START SUPPLIED ENTRIES

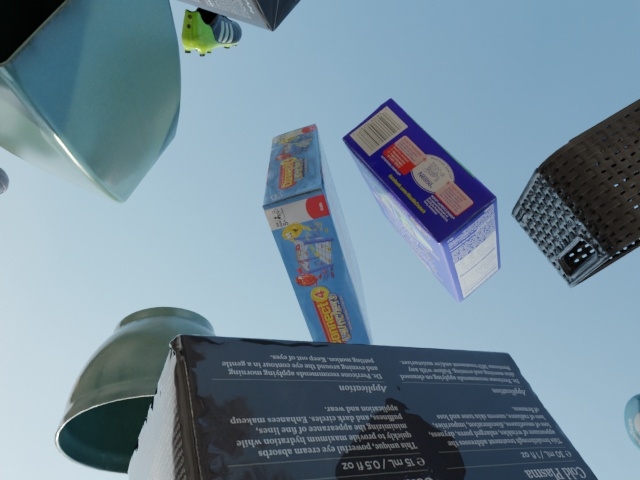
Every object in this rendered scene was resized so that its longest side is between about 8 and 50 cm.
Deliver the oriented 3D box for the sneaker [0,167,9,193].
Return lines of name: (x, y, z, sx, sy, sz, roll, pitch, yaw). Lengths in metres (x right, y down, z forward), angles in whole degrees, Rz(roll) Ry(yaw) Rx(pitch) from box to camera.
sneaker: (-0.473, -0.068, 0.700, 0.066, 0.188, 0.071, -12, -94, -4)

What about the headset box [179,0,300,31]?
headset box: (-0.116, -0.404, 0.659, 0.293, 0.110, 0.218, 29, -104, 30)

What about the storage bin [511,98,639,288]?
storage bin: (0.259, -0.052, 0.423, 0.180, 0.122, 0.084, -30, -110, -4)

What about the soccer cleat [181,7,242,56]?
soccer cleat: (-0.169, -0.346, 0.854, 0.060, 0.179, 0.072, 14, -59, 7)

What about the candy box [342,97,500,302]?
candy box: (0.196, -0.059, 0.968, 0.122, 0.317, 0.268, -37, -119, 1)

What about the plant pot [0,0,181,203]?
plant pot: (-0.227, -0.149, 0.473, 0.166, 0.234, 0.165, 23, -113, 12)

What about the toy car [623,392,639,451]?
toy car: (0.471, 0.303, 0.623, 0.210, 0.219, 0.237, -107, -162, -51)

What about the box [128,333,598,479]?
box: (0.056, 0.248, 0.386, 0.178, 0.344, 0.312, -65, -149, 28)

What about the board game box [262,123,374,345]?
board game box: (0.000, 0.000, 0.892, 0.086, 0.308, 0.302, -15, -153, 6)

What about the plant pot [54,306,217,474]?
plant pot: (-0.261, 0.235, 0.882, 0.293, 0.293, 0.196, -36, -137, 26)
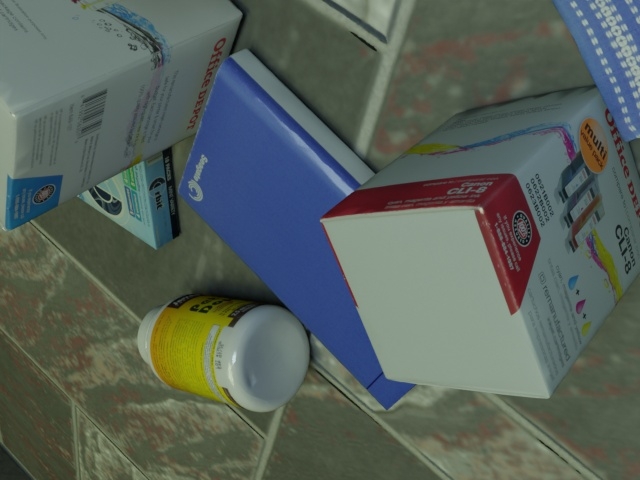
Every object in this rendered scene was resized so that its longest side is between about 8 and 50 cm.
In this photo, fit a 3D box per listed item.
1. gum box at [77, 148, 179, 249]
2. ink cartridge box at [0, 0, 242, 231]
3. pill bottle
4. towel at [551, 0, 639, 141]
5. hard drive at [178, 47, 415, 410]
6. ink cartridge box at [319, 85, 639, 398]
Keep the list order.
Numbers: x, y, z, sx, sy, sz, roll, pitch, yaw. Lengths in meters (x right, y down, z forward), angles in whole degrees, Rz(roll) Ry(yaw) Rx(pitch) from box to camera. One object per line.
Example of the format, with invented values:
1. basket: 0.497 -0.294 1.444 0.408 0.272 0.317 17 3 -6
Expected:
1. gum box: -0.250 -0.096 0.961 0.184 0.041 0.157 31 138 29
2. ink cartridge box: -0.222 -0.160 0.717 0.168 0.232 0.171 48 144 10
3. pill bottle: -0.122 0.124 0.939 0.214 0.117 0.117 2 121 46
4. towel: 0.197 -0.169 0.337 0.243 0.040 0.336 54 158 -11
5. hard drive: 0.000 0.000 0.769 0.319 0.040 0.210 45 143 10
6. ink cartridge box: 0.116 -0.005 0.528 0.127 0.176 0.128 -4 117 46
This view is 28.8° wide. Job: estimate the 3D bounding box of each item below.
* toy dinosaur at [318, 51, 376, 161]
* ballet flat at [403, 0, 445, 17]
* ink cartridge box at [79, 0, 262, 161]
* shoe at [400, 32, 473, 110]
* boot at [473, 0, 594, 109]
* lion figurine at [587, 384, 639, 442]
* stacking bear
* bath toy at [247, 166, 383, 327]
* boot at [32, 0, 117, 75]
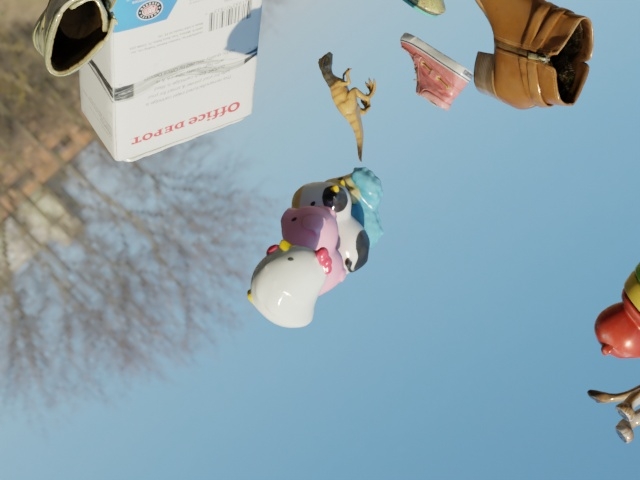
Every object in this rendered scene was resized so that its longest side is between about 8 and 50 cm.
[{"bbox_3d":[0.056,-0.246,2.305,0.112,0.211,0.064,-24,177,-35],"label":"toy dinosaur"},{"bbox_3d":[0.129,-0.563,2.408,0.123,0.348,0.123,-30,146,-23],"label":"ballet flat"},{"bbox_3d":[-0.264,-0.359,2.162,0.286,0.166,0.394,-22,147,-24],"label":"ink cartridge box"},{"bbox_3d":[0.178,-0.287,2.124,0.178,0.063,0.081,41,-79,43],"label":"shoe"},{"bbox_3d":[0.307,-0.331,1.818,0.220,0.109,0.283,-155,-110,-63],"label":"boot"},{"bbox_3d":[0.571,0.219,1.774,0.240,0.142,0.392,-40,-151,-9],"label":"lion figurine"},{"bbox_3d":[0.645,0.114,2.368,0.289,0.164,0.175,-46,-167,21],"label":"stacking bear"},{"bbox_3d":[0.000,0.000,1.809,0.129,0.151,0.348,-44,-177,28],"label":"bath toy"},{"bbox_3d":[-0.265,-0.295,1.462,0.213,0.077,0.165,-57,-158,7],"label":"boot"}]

END SUPPLIED ENTRIES

_DESCRIPTION OF THE TASK:_
Please filter the entries above down to the lines holding "item" and copy them.

_EXERCISE RESULT:_
In this photo, fit a 3D box per listed item.
This view is 28.8° wide. Job: estimate the 3D bounding box of each item below.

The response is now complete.